Pune Real Estate: Investment Outlook

Rohit Gera, MD, Gera Developments, said, “The Pune real estate market is showing dual signs of both boom and consolidation at the same time. The prices have gone up 11.03% from Rs 5,208 per sq. ft. in June ’22 to Rs 5,782 per sq. ft. in June ’23. There has been an across-the-board increase in the rates of new projects, existing phases of old projects as well as new phases of old projects. This indicates a strong demand as home buyers have purchased homes at higher prices than ever before.”

Also Read: Building Wealth With Real Estate: Here’s How You Get Passive Income, Profit & Tax Benefits

“On the other hand, the overall sales for the past 12 months have come down by 8% from 105,625 units in the period June ’21 – June ’22 to 97,214 units in the period June ’22 – June ’23. This could be explained by the increase in home prices and increase in interest rates. The increase in prices and a corresponding reduction in demand are normal indicators of a bull market,” Gera added.

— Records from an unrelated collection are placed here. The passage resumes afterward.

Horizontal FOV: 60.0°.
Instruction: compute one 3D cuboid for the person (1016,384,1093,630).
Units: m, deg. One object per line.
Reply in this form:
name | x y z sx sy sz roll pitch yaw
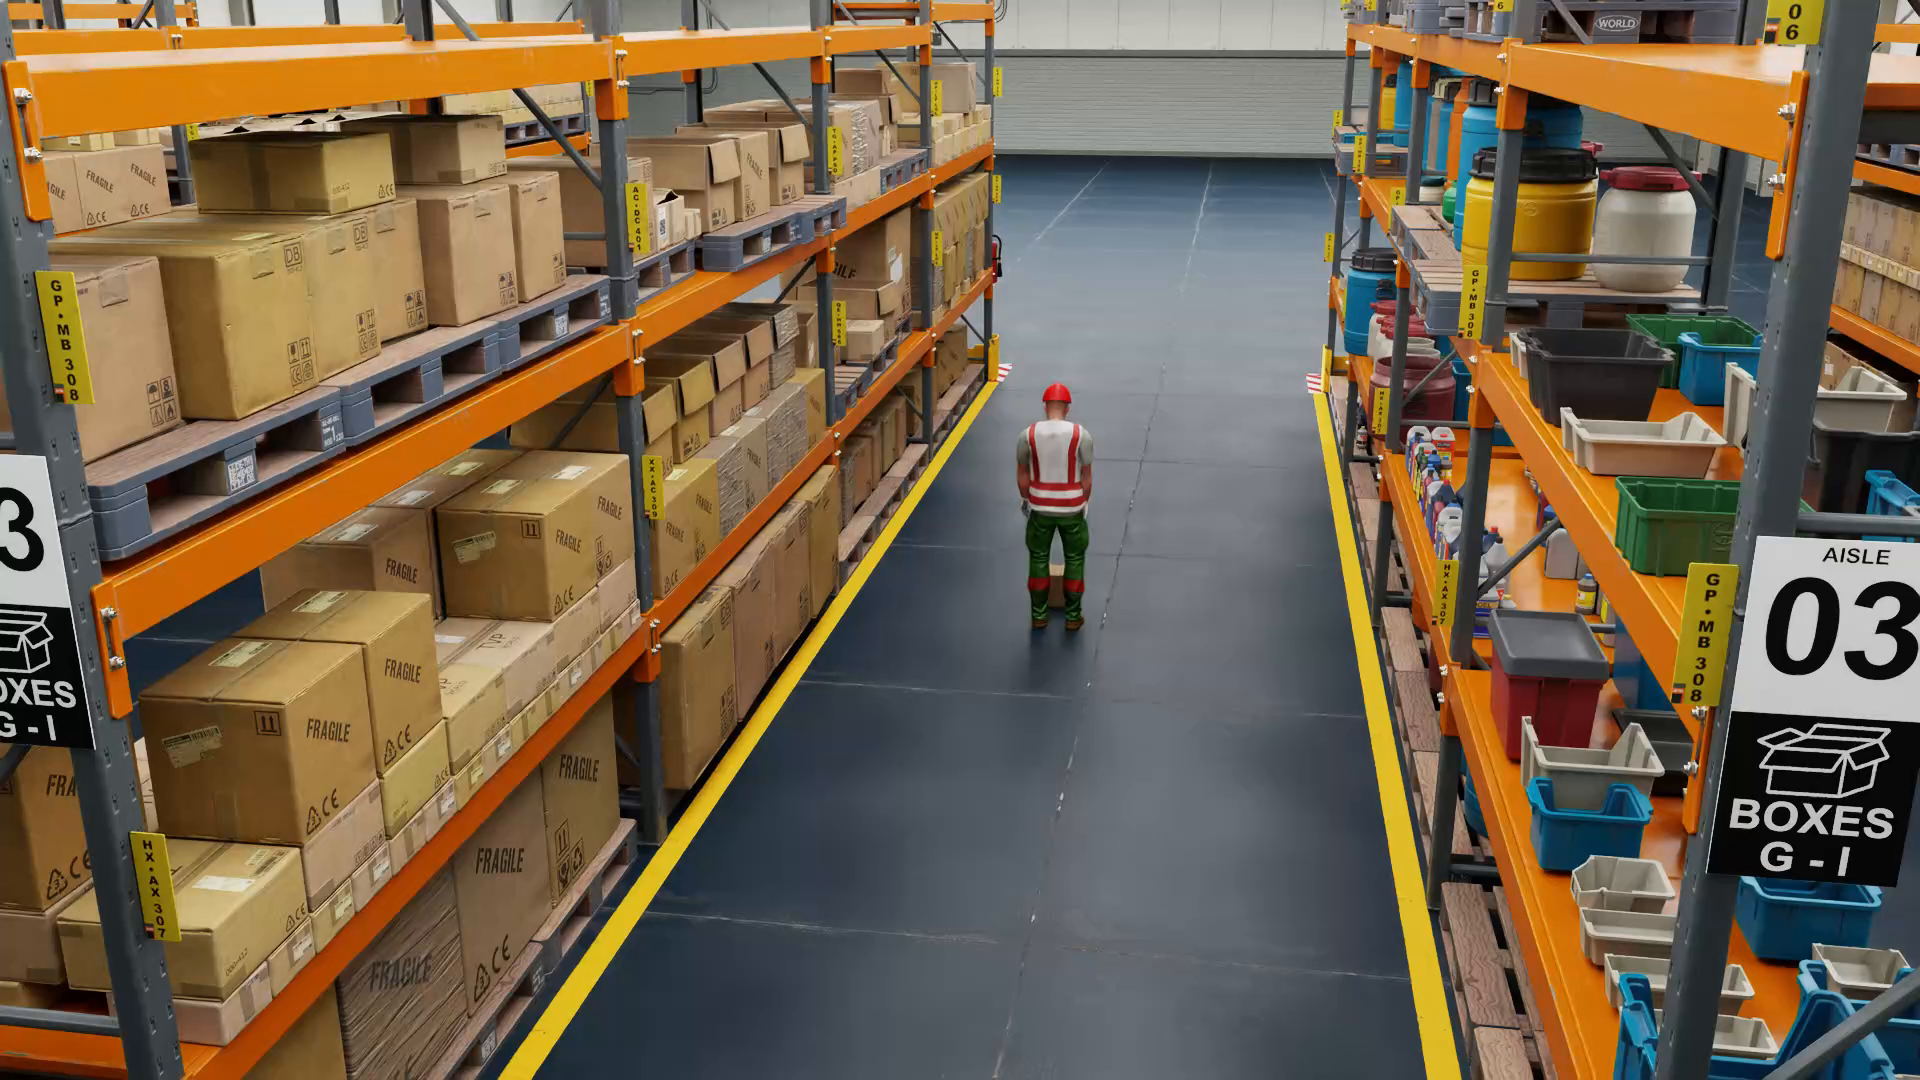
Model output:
person | 0.671 -0.237 11.808 0.536 1.758 0.414 3 18 10

“On the other hand, during a boom period, there is an increase in the number of projects launched. We are presently at a 10 year low in terms of the number of projects and gross inventory. Over the past year (June ’22 – June ’23) 93,734 new homes were added to the overall inventory. This is down nearly 19.19% from the previous year’s new inventory of 115,996 homes.”

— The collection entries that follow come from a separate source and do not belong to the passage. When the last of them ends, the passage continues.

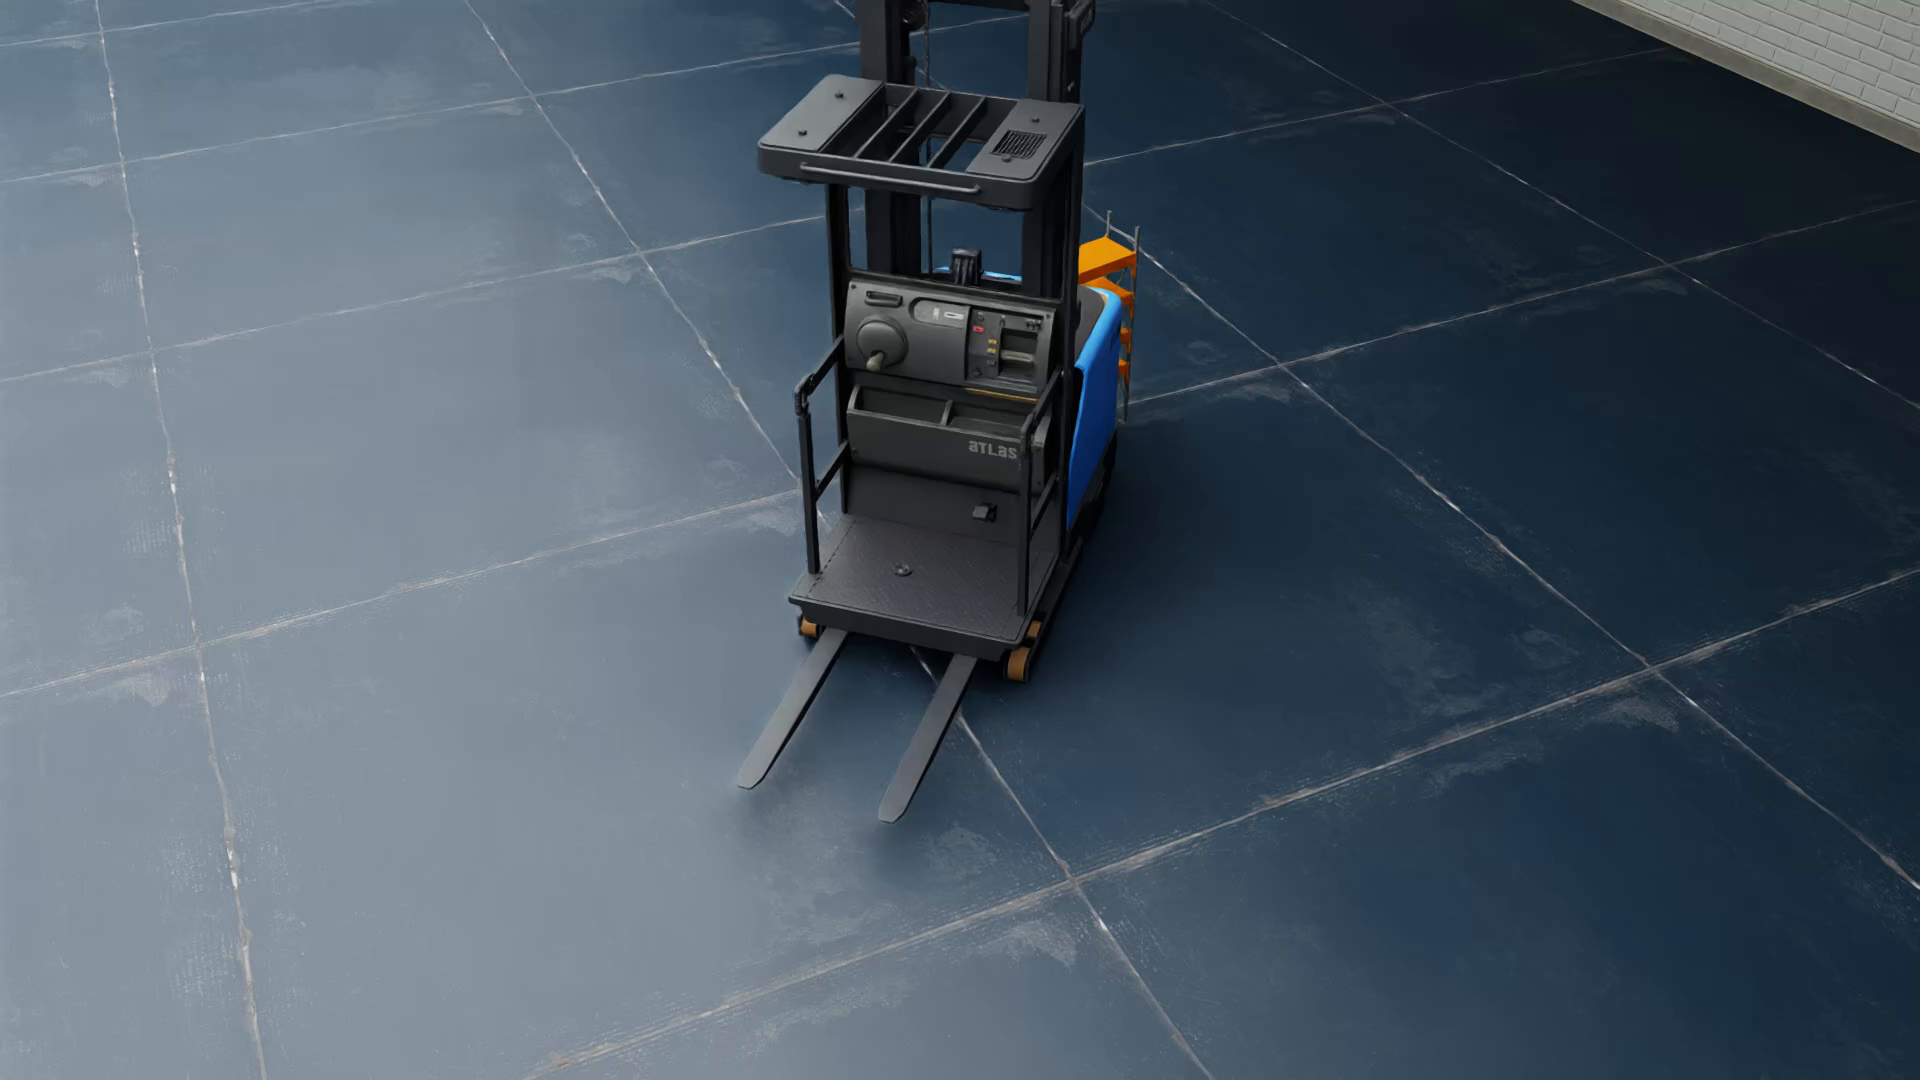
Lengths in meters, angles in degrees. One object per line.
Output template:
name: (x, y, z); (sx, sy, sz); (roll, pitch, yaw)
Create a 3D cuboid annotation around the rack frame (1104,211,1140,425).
rack frame: (0.849, -1.183, 8.981); (0.015, 1.200, 0.240); (-24, 43, -29)

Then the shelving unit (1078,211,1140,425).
shelving unit: (0.654, -1.096, 8.864); (0.503, 1.200, 0.258); (-24, 43, -29)

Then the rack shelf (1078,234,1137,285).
rack shelf: (0.654, -1.412, 8.630); (0.480, 0.148, 0.258); (-24, 43, -29)

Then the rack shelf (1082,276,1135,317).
rack shelf: (0.654, -1.222, 8.771); (0.480, 0.148, 0.258); (-24, 43, -29)

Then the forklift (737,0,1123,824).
forklift: (-0.115, -0.807, 7.020); (1.130, 2.935, 3.031); (11, 38, 14)

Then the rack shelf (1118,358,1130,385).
rack shelf: (0.654, -0.883, 9.022); (0.480, 0.148, 0.258); (-24, 43, -29)

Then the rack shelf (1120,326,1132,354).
rack shelf: (0.654, -1.042, 8.904); (0.480, 0.148, 0.258); (-24, 43, -29)

He further added, “The trend that has continued though is that of the increase of average size of projects, reduction in the number of projects of smaller sizes, greater dominance of projects from larger developers. Looking forward, there are a couple of scenarios that could play out. If developers bring in substantial supply, we could be in an oversupply scenario since sales numbers have eased off from earlier highs. On the other hand, constrained supply at the current equilibrium levels could see a continued steady rise in prices.”